** Input for this task follows **
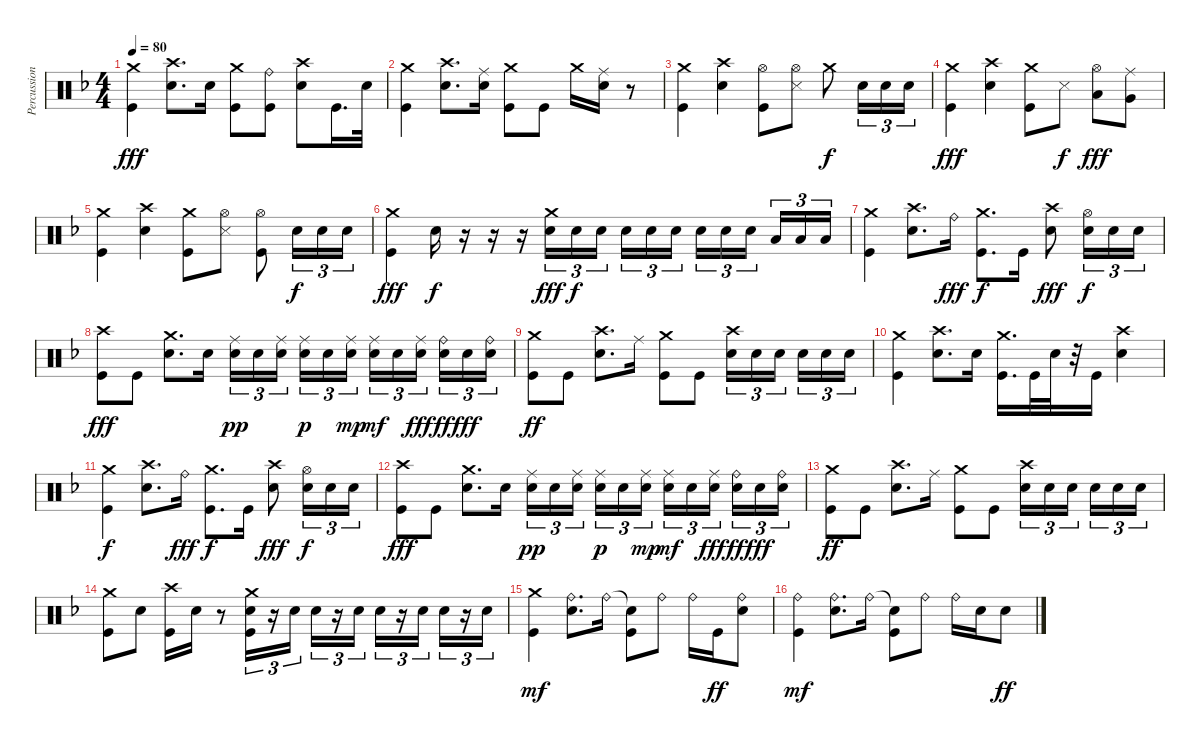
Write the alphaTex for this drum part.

\track ("Percussion" "Percussion") {instrument percussion}
\staff {score}
\articulation defaults
\ts (4 4)
\tempo 80
\clef neutral
\ks f
("Crash medium (hit)" "Kick (hit)").4{dy fff} ("Crash high (hit)" "Electric Snare (hit)").8{d} "Electric Snare (hit)".16 ("Crash medium (hit)" "Kick (hit)").8 ("Ride (bell)" "Kick (hit)").8 ("Crash high (hit)" "Electric Snare (hit)").8 "Kick (hit)".16{d} "Electric Snare (hit)".32 |
("Crash medium (hit)" "Kick (hit)").4 ("Crash high (hit)" "Electric Snare (hit)").8{d} ("Ride (middle)" "Electric Snare (hit)").16 ("Crash medium (hit)" "Kick (hit)").8 "Kick (hit)".8 "Crash medium (hit)".16 ("Ride (middle)" "Electric Snare (hit)").16 r.8 |
("Crash medium (hit)" "Kick (hit)").4 ("Electric Snare (hit)" "Crash high (hit)").4 ("Hi-Hat (open)" "Kick (hit)").8 ("Hi-Hat (open)" "Snare (side stick) 3").8 "Crash medium (hit)".8{dy f} "Electric Snare (hit)".16{tu (3 2)} "Electric Snare (hit)".16{tu (3 2)} "Electric Snare (hit)".16{tu (3 2)} |
("Crash medium (hit)" "Kick (hit)").4{dy fff} ("Crash high (hit)" "Electric Snare (hit)").4 ("Crash medium (hit)" "Kick (hit)").8 "Snare (side stick) 3".8{dy f} ("Hi-Hat (open)" "Low Tom (hit)").8{dy fff} ("Ride (middle)" "Very Low Tom (hit)").8 |
("Crash medium (hit)" "Kick (hit)").4 ("Electric Snare (hit)" "Crash high (hit)").4 ("Crash medium (hit)" "Kick (hit)").8 ("Snare (side stick) 3" "Hi-Hat (open)").8 ("Hi-Hat (open)" "Kick (hit)").8 "Electric Snare (hit)".16{tu (3 2) dy f} "Electric Snare (hit)".16{tu (3 2)} "Electric Snare (hit)".16{tu (3 2)} |
("Crash medium (hit)" "Kick (hit)").4{dy fff} "Electric Snare (hit)".16{dy f} r.16{volume 6} r.16 r.16{volume 13} ("Crash medium (hit)" "Electric Snare (hit)").16{tu (3 2) dy fff} "Electric Snare (hit)".16{tu (3 2) dy f} "Electric Snare (hit)".16{tu (3 2) beam splitsecondary} "Electric Snare (hit)".16{tu (3 2)} "Electric Snare (hit)".16{tu (3 2)} "Electric Snare (hit)".16{tu (3 2)} "Electric Snare (hit)".16{tu (3 2)} "Electric Snare (hit)".16{tu (3 2)} "Electric Snare (hit)".16{tu (3 2) beam splitsecondary} "Low Tom (hit)".16{tu (3 2)} "Low Tom (hit)".16{tu (3 2)} "Low Tom (hit)".16{tu (3 2)} |
("Crash medium (hit)" "Kick (hit)").4 ("Crash high (hit)" "Electric Snare (hit)").8{d} "Ride (bell)".16{dy fff} ("Crash medium (hit)" "Kick (hit)").8{d dy f} "Kick (hit)".16 ("Crash high (hit)" "Electric Snare (hit)").8{dy fff} ("Hi-Hat (open)" "Electric Snare (hit)").16{tu (3 2) dy f} "Electric Snare (hit)".16{tu (3 2)} "Electric Snare (hit)".16{tu (3 2)} |
("Kick (hit)" "Crash high (hit)").8{dy fff} "Kick (hit)".8 ("Crash medium (hit)" "Electric Snare (hit)").8{d} "Electric Snare (hit)".16 ("Ride (middle)" "Electric Snare (hit)").16{tu (3 2) dy pp} "Electric Snare (hit)".16{tu (3 2)} ("Ride (middle)" "Electric Snare (hit)").16{tu (3 2) beam splitsecondary} ("Ride (middle)" "Electric Snare (hit)").16{tu (3 2) dy p} "Electric Snare (hit)".16{tu (3 2)} ("Ride (middle)" "Electric Snare (hit)").16{tu (3 2) dy mp} ("Ride (middle)" "Electric Snare (hit)").16{tu (3 2) dy mf} "Electric Snare (hit)".16{tu (3 2)} ("Ride (middle)" "Electric Snare (hit)").16{tu (3 2) dy fff beam splitsecondary} ("Ride (bell)" "Electric Snare (hit)").16{tu (3 2) dy ff} "Electric Snare (hit)".16{tu (3 2) dy fff} ("Ride (bell)" "Electric Snare (hit)").16{tu (3 2)} |
("Crash medium (hit)" "Kick (hit)").8{dy ff} "Kick (hit)".8 ("Crash high (hit)" "Electric Snare (hit)").8{d} "Ride (middle)".16 ("Crash medium (hit)" "Kick (hit)").8 "Kick (hit)".8 ("Crash high (hit)" "Electric Snare (hit)").16{tu (3 2)} "Electric Snare (hit)".16{tu (3 2)} "Electric Snare (hit)".16{tu (3 2) beam splitsecondary} "Electric Snare (hit)".16{tu (3 2)} "Electric Snare (hit)".16{tu (3 2)} "Electric Snare (hit)".16{tu (3 2)} |
("Crash medium (hit)" "Kick (hit)").4 ("Crash high (hit)" "Electric Snare (hit)").8{d} "Electric Snare (hit)".16 ("Crash medium (hit)" "Kick (hit)").16{d} "Kick (hit)".32 "Electric Snare (hit)".32 r.32 "Kick (hit)".16 ("Crash high (hit)" "Electric Snare (hit)").4 |
("Crash medium (hit)" "Kick (hit)").4{dy f} ("Crash high (hit)" "Electric Snare (hit)").8{d} "Ride (bell)".16{dy fff} ("Crash medium (hit)" "Kick (hit)").8{d dy f} "Kick (hit)".16 ("Crash high (hit)" "Electric Snare (hit)").8{dy fff} ("Hi-Hat (open)" "Electric Snare (hit)").16{tu (3 2) dy f} "Electric Snare (hit)".16{tu (3 2)} "Electric Snare (hit)".16{tu (3 2)} |
("Kick (hit)" "Crash high (hit)").8{dy fff} "Kick (hit)".8 ("Crash medium (hit)" "Electric Snare (hit)").8{d} "Electric Snare (hit)".16 ("Ride (middle)" "Electric Snare (hit)").16{tu (3 2) dy pp} "Electric Snare (hit)".16{tu (3 2)} ("Ride (middle)" "Electric Snare (hit)").16{tu (3 2) beam splitsecondary} ("Ride (middle)" "Electric Snare (hit)").16{tu (3 2) dy p} "Electric Snare (hit)".16{tu (3 2)} ("Ride (middle)" "Electric Snare (hit)").16{tu (3 2) dy mp} ("Ride (middle)" "Electric Snare (hit)").16{tu (3 2) dy mf} "Electric Snare (hit)".16{tu (3 2)} ("Ride (middle)" "Electric Snare (hit)").16{tu (3 2) dy fff beam splitsecondary} ("Ride (bell)" "Electric Snare (hit)").16{tu (3 2) dy ff} "Electric Snare (hit)".16{tu (3 2) dy fff} ("Ride (bell)" "Electric Snare (hit)").16{tu (3 2)} |
("Crash medium (hit)" "Kick (hit)").8{dy ff} "Kick (hit)".8 ("Crash high (hit)" "Electric Snare (hit)").8{d} "Ride (middle)".16 ("Crash medium (hit)" "Kick (hit)").8 "Kick (hit)".8 ("Crash high (hit)" "Electric Snare (hit)").16{tu (3 2)} "Electric Snare (hit)".16{tu (3 2)} "Electric Snare (hit)".16{tu (3 2) beam splitsecondary} "Electric Snare (hit)".16{tu (3 2)} "Electric Snare (hit)".16{tu (3 2)} "Electric Snare (hit)".16{tu (3 2)} |
("Crash medium (hit)" "Kick (hit)").8 "Electric Snare (hit)".8 ("Crash high (hit)" "Kick (hit)").16 "Electric Snare (hit)".16 r.8 ("Crash medium (hit)" "Electric Snare (hit)" "Kick (hit)").16{tu (3 2)} r.16{tu (3 2)} "Electric Snare (hit)".16{tu (3 2)} "Electric Snare (hit)".16{tu (3 2)} r.16{tu (3 2)} "Electric Snare (hit)".16{tu (3 2)} "Electric Snare (hit)".16{tu (3 2)} r.16{tu (3 2)} "Electric Snare (hit)".16{tu (3 2)} "Electric Snare (hit)".16{tu (3 2)} r.16{tu (3 2)} "Electric Snare (hit)".16{tu (3 2)} |
("Crash medium (hit)" "Kick (hit)").4{dy mf} ("Ride (bell)" "Electric Snare (hit)").8{d} "Ride (bell)".16 ("Snare (hit)"{t} "Kick (hit)").8 "Ride (bell)".8 "Ride (bell)".16 "Kick (hit)".16{dy ff} ("Ride (bell)" "Electric Snare (hit)").8 |
("Ride (bell)" "Kick (hit)").4{dy mf} ("Ride (bell)" "Electric Snare (hit)").8{d} "Ride (bell)".16 ("Snare (hit)"{t} "Kick (hit)").8 "Ride (bell)".8 "Ride (bell)".16 "Electric Snare (hit)".16 "Electric Snare (hit)".8{dy ff}
** End of Input for this task **
- [Exercise goal] Extract each line from the listing that holds the word "side".

- [Solution to this problem]
("Crash medium (hit)" "Kick (hit)").4 ("Electric Snare (hit)" "Crash high (hit)").4 ("Hi-Hat (open)" "Kick (hit)").8 ("Hi-Hat (open)" "Snare (side stick) 3").8 "Crash medium (hit)".8{dy f} "Electric Snare (hit)".16{tu (3 2)} "Electric Snare (hit)".16{tu (3 2)} "Electric Snare (hit)".16{tu (3 2)} |
("Crash medium (hit)" "Kick (hit)").4{dy fff} ("Crash high (hit)" "Electric Snare (hit)").4 ("Crash medium (hit)" "Kick (hit)").8 "Snare (side stick) 3".8{dy f} ("Hi-Hat (open)" "Low Tom (hit)").8{dy fff} ("Ride (middle)" "Very Low Tom (hit)").8 |
("Crash medium (hit)" "Kick (hit)").4 ("Electric Snare (hit)" "Crash high (hit)").4 ("Crash medium (hit)" "Kick (hit)").8 ("Snare (side stick) 3" "Hi-Hat (open)").8 ("Hi-Hat (open)" "Kick (hit)").8 "Electric Snare (hit)".16{tu (3 2) dy f} "Electric Snare (hit)".16{tu (3 2)} "Electric Snare (hit)".16{tu (3 2)} |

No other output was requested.